Li Ye, Wang Chunliu, Zong Shiyu, Qi Jianping, Dong Xiaochun, Zhao Weili, Wu Wei, Fu Qiang, Lu Yi, Chen Zhongjian
J Biomed Nanotechnol. 2019 Apr 1;15(4):686-702. doi: 10.1166/jbn.2019.2724.
Nasal drug delivery is a fascinating approach to bypass the blood-brain barrier, which instead directly transports drug molecules to the brain from the nasal cavity along the olfactory and trigeminal nerves. However, the feasibility of nose-to-brain transportation of intact nanoparticles and the possible corresponding pathways remain poorly understood. The purpose of the present study is to explore the intranasal fate of curcumin (Cur)-loaded polycaprolactone nanoparticles (PCL NPs) via fluorescent bioimaging strategies. The behavior of intact nanoparticles was tracked by aggregation-caused quenching (ACQ) probes, which provide on-to-off fluorescent switching from loaded to released states. Evidence for the translocation of intact nanoparticles and Cur was collected either via live imaging or histological examination in rats after nasal administration. Intact PCL NPs, irrespective of whether or not they are PEGylated, cannot enter into the olfactory bulb from the nasal cavity, whereas free Cur molecules that are released from the nanoparticles can diffuse into the olfactory bulb. Both PCL NPs and PEGylated PCL NPs carrying Cur can permeate into the mucosa and the trigeminal nerves. Although PEGylation improves the nasal retention of NPs and mucus-penetration, it reduces permeation of NPs into the trigeminal nerves. Transportation of NPs along the trigeminal nerves is slow. Neither the carriers nor the Cur signals are found in the brain at 1 h post-administration. However, starting at 2 h post-administration, both intact nanoparticles and Cur are transported into the brainstem, as exemplified by the presence of Cur-loaded PEGylated PCL NPs. Nanoparticles reaching the brainstem can further distribute to other parts of the brain such as the middle brain. We conclude that the trigeminal nerve pathway, instead of the olfactory nerve route, dominates the nose-to-brain delivery of intact polymeric nanoparticles.
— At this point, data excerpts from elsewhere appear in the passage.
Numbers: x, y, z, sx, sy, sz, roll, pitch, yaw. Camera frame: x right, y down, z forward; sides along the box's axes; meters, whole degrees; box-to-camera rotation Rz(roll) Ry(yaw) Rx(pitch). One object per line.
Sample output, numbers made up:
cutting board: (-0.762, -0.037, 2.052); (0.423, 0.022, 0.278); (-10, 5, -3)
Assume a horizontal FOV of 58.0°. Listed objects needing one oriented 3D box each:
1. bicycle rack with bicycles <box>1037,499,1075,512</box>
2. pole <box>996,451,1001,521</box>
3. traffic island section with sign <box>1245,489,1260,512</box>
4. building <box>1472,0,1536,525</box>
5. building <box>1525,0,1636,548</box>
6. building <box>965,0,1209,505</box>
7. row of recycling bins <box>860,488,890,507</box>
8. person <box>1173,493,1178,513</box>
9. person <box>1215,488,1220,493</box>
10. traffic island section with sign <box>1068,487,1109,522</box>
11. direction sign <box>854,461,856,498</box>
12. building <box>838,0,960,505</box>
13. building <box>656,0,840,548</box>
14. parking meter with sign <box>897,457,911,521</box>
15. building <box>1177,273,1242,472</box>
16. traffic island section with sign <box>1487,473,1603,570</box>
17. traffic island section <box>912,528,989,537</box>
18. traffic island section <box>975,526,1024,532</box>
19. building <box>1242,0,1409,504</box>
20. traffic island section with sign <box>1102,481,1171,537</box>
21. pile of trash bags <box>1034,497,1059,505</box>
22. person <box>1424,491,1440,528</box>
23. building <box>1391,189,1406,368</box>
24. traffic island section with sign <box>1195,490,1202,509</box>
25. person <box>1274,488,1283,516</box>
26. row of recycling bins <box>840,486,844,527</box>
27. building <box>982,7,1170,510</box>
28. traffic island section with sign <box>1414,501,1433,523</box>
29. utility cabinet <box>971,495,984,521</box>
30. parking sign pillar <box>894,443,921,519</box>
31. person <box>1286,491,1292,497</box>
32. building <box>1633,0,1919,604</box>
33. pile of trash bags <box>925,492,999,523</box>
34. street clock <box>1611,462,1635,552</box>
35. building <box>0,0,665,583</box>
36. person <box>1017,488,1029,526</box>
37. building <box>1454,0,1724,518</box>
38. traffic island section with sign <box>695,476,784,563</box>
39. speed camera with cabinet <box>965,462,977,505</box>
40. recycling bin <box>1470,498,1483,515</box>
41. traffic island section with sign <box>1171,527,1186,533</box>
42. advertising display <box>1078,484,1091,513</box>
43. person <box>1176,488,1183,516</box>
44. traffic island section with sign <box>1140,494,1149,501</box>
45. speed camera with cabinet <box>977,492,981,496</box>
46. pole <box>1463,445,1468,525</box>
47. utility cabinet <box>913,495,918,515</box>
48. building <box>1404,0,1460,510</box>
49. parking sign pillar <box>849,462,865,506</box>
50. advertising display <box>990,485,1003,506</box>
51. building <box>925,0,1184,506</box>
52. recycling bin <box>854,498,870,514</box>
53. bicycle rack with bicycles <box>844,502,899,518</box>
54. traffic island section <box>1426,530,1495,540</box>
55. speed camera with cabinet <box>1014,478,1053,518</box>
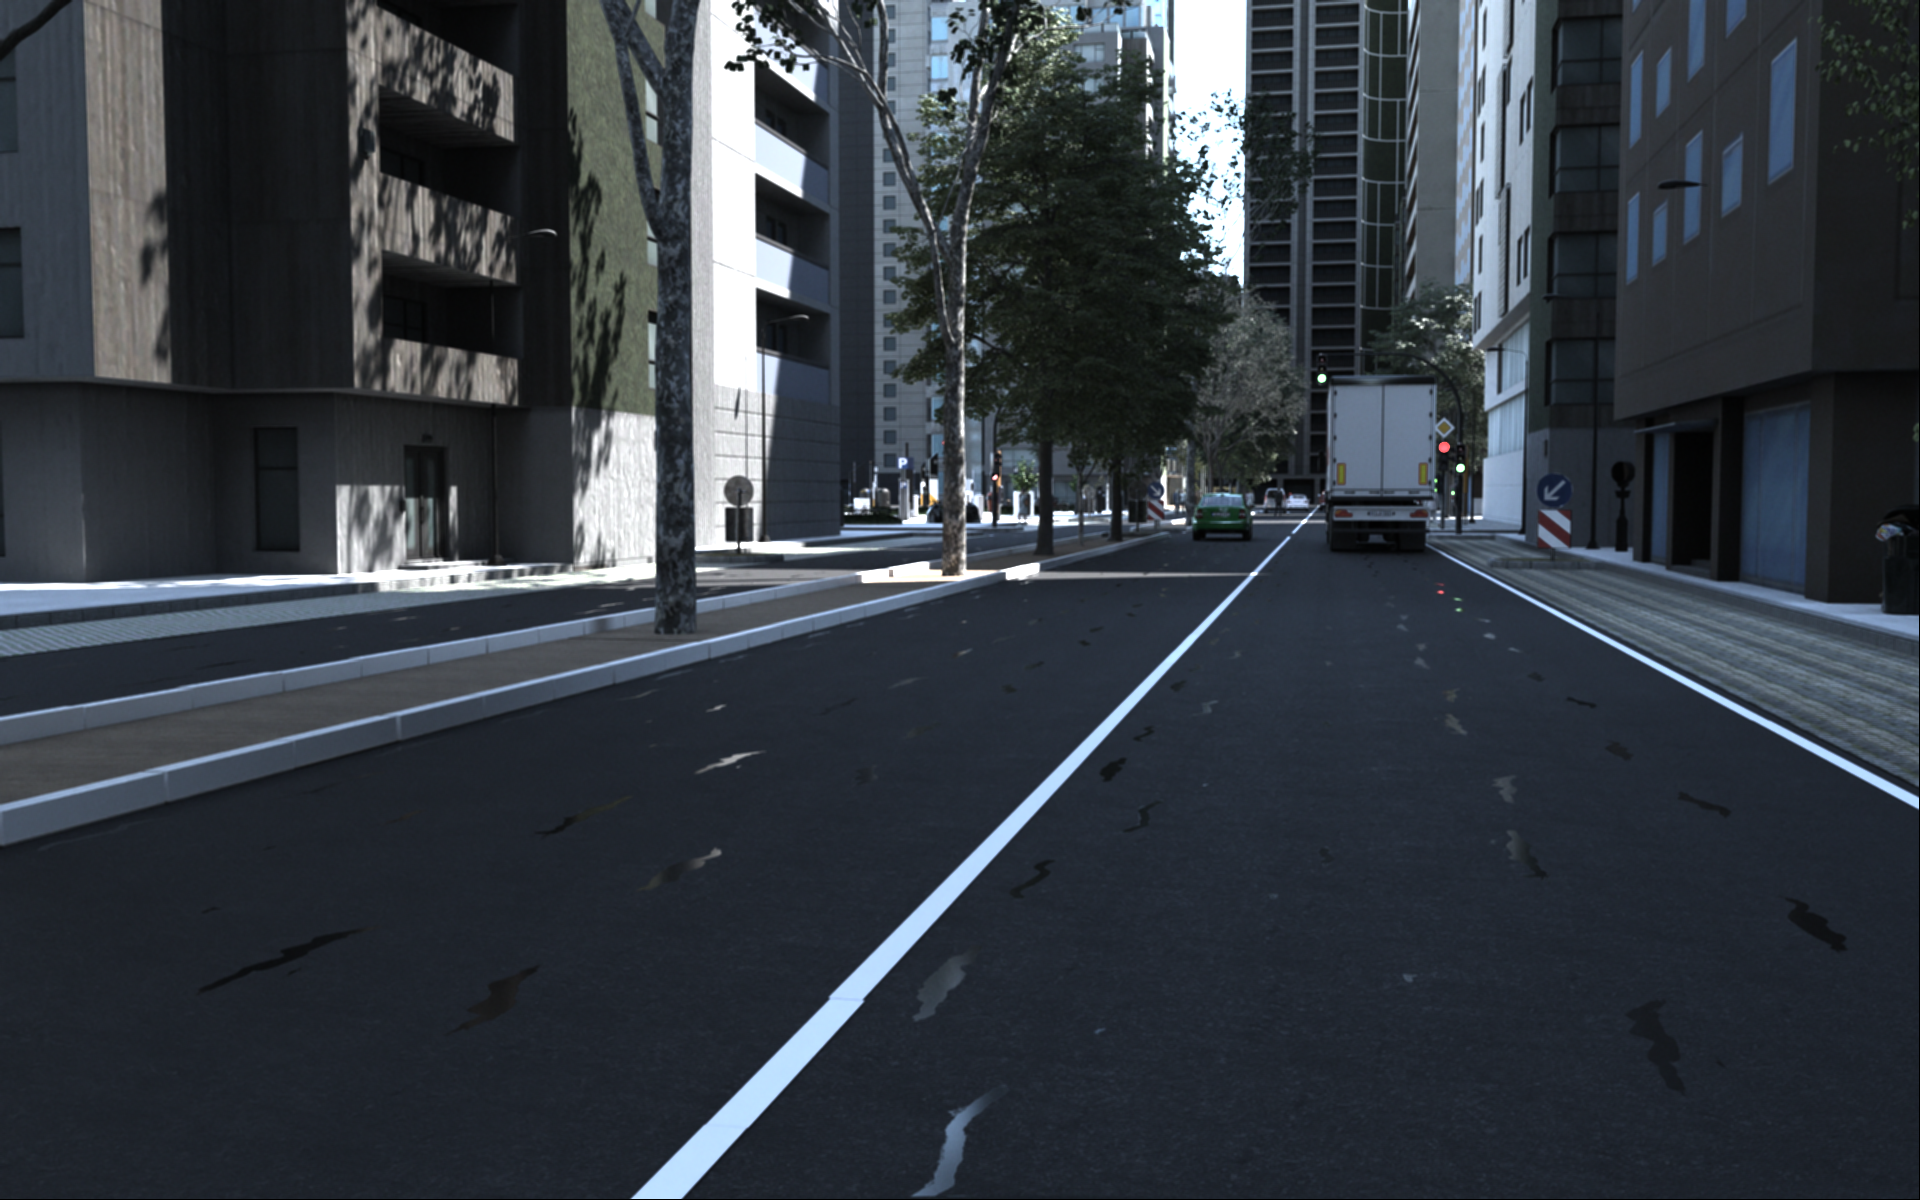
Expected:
bicycle rack with bicycles: (6.903, -6.619, 121.608); (2.925, 0.926, 2.852); (0, 4, 5)
pole: (1.814, -5.366, 81.576); (0.158, 3.312, 0.155); (0, 3, 0)
traffic island section with sign: (23.124, -7.977, 138.554); (2.006, 1.907, 1.989); (1, 4, 12)
building: (36.151, -29.531, 72.064); (27.495, 52.752, 28.713); (1, 4, 12)
building: (22.495, -16.790, 46.214); (14.160, 30.474, 14.107); (1, 4, 12)
building: (13.643, -54.655, 206.284); (31.000, 86.520, 22.319); (1, 4, 12)
row of recycling bins: (-6.004, -7.053, 122.433); (1.069, 1.692, 3.534); (-2, 4, -31)
person: (16.483, -7.528, 131.761); (0.721, 1.800, 0.419); (-3, 5, -40)
person: (15.790, -5.940, 105.804); (0.709, 1.800, 0.728); (2, 4, 28)
traffic island section with sign: (6.789, -5.021, 90.722); (1.989, 1.847, 2.006); (1, 4, 12)
direction sign: (-7.327, -7.857, 120.459); (0.379, 3.537, 0.876); (-1, 4, -10)
building: (-11.748, -47.305, 211.694); (20.611, 71.187, 20.563); (1, 4, 12)
building: (-18.363, -31.119, 50.801); (28.212, 58.520, 21.231); (1, 4, 12)
parking meter with sign: (-2.658, -5.311, 83.098); (0.543, 3.016, 1.738); (0, 4, 4)
building: (30.128, -28.041, 230.179); (14.107, 30.474, 14.160); (1, 4, 12)
traffic island section with sign: (11.312, -1.527, 33.595); (1.989, 1.847, 2.006); (1, 4, 12)
traffic island section: (-0.359, -2.240, 58.912); (2.009, 0.180, 2.903); (1, 4, 12)
traffic island section: (1.311, -2.718, 66.721); (2.009, 0.180, 2.903); (1, 4, 12)
building: (48.196, -48.337, 228.557); (20.611, 71.187, 20.563); (1, 4, 12)
traffic island section with sign: (5.862, -3.039, 57.827); (2.006, 1.907, 1.989); (1, 4, 12)
pile of trash bags: (6.642, -7.549, 133.179); (1.912, 1.369, 3.447); (0, 4, -4)
person: (18.039, -3.527, 66.045); (0.514, 1.842, 0.818); (-2, 4, -31)
building: (48.826, -24.037, 164.709); (14.160, 30.474, 14.107); (1, 4, 12)
traffic island section with sign: (22.921, -9.636, 166.170); (1.989, 1.847, 2.006); (1, 4, 12)
person: (20.710, -6.391, 112.775); (0.659, 1.850, 0.755); (-1, 4, -12)
row of recycling bins: (-5.528, -3.797, 69.200); (1.069, 1.692, 3.534); (-2, 4, -24)
building: (10.138, -28.424, 148.331); (14.154, 41.232, 14.086); (1, 4, 12)
traffic island section with sign: (22.851, -4.826, 87.535); (1.989, 1.847, 2.006); (1, 4, 12)
utility cabinet: (0.909, -4.459, 84.068); (0.306, 1.237, 1.020); (-1, 4, -11)
parking sign pillar: (-2.800, -6.298, 91.441); (1.447, 3.967, 1.447); (-1, 4, -14)
person: (38.737, -11.938, 203.618); (1.348, 1.831, 0.705); (0, 4, -3)
building: (17.982, -22.875, 24.111); (14.600, 45.320, 14.200); (1, 4, 12)
pile of trash bags: (0.266, -4.098, 76.760); (3.447, 1.369, 1.912); (-2, 4, -32)
street clock: (14.777, -2.083, 38.630); (0.358, 2.002, 0.471); (-2, 4, -31)
building: (-14.417, -15.823, 30.407); (14.160, 30.474, 14.107); (1, 4, 12)
person: (2.792, -4.087, 76.325); (0.522, 1.701, 0.512); (2, 4, 34)
building: (39.965, -28.293, 112.698); (14.600, 45.320, 14.200); (1, 4, 12)
traffic island section with sign: (-4.809, -1.705, 36.505); (1.989, 1.847, 2.006); (1, 4, 12)
speed camera with cabinet: (0.324, -6.741, 104.551); (0.660, 3.252, 2.038); (1, 4, 12)
recycling bin: (31.770, -5.736, 106.337); (0.722, 1.027, 0.722); (0, 4, 6)
traffic island section with sign: (7.420, -3.482, 65.069); (2.006, 1.907, 1.989); (1, 4, 12)
advertising display: (8.267, -6.716, 115.015); (0.974, 1.923, 0.123); (2, 4, 32)
person: (14.178, -6.312, 111.885); (0.526, 1.800, 0.537); (2, 4, 32)
traffic island section with sign: (12.574, -6.675, 117.768); (1.989, 1.847, 2.006); (1, 4, 12)
speed camera with cabinet: (1.155, -9.037, 142.089); (0.660, 3.252, 2.038); (1, 4, 20)
pole: (21.132, -4.804, 72.391); (0.158, 3.312, 0.155); (0, 3, 0)
utility cabinet: (-2.848, -5.149, 95.355); (1.020, 1.237, 0.306); (1, 4, 18)
building: (48.916, -31.927, 145.711); (21.300, 48.544, 21.600); (1, 4, 12)
parking sign pillar: (-8.594, -9.561, 144.786); (1.447, 3.967, 1.447); (-1, 4, -13)
advertising display: (2.639, -7.279, 124.217); (0.974, 1.923, 0.123); (-2, 4, -23)
building: (9.613, -33.731, 171.108); (23.786, 49.044, 30.456); (1, 4, 12)
recycling bin: (-5.902, -5.595, 104.037); (0.722, 1.027, 0.722); (-2, 4, -33)
bicycle rack with bicycles: (-4.128, -3.874, 76.724); (2.925, 0.926, 2.852); (-1, 4, -17)
traffic island section: (15.964, -2.027, 55.429); (2.009, 0.180, 2.903); (1, 4, 12)
speed camera with cabinet: (3.931, -6.024, 92.832); (2.038, 3.252, 0.660); (-1, 4, -15)

鼻腔给药是一种绕过血脑屏障的迷人方法,它能直接将药物分子从鼻腔沿嗅神经和三叉神经输送到大脑。然而,完整纳米颗粒鼻脑转运的可行性以及可能的相应途径仍知之甚少。本研究的目的是通过荧光生物成像策略探索载有姜黄素(Cur)的聚己内酯纳米颗粒(PCL NPs)的鼻腔命运。完整纳米颗粒的行为通过聚集猝灭(ACQ)探针进行追踪,该探针可提供从负载状态到释放状态的荧光开关。通过鼻腔给药后大鼠的活体成像或组织学检查收集完整纳米颗粒和Cur转运的证据。无论是否聚乙二醇化,完整的PCL NPs都不能从鼻腔进入嗅球,而从纳米颗粒中释放的游离Cur分子可以扩散到嗅球中。携带Cur的PCL NPs和聚乙二醇化PCL NPs都可以渗透到黏膜和三叉神经中。尽管聚乙二醇化提高了纳米颗粒在鼻腔的滞留率和黏液穿透性,但它降低了纳米颗粒向三叉神经的渗透。纳米颗粒沿三叉神经的转运较慢。给药后1小时在大脑中未发现载体或Cur信号。然而,从给药后2小时开始,完整的纳米颗粒和Cur都被转运到脑干,以载有Cur的聚乙二醇化PCL NPs的存在为例。到达脑干的纳米颗粒可以进一步分布到大脑的其他部位,如中脑。我们得出结论,三叉神经途径而非嗅神经途径主导了完整聚合物纳米颗粒的鼻脑递送。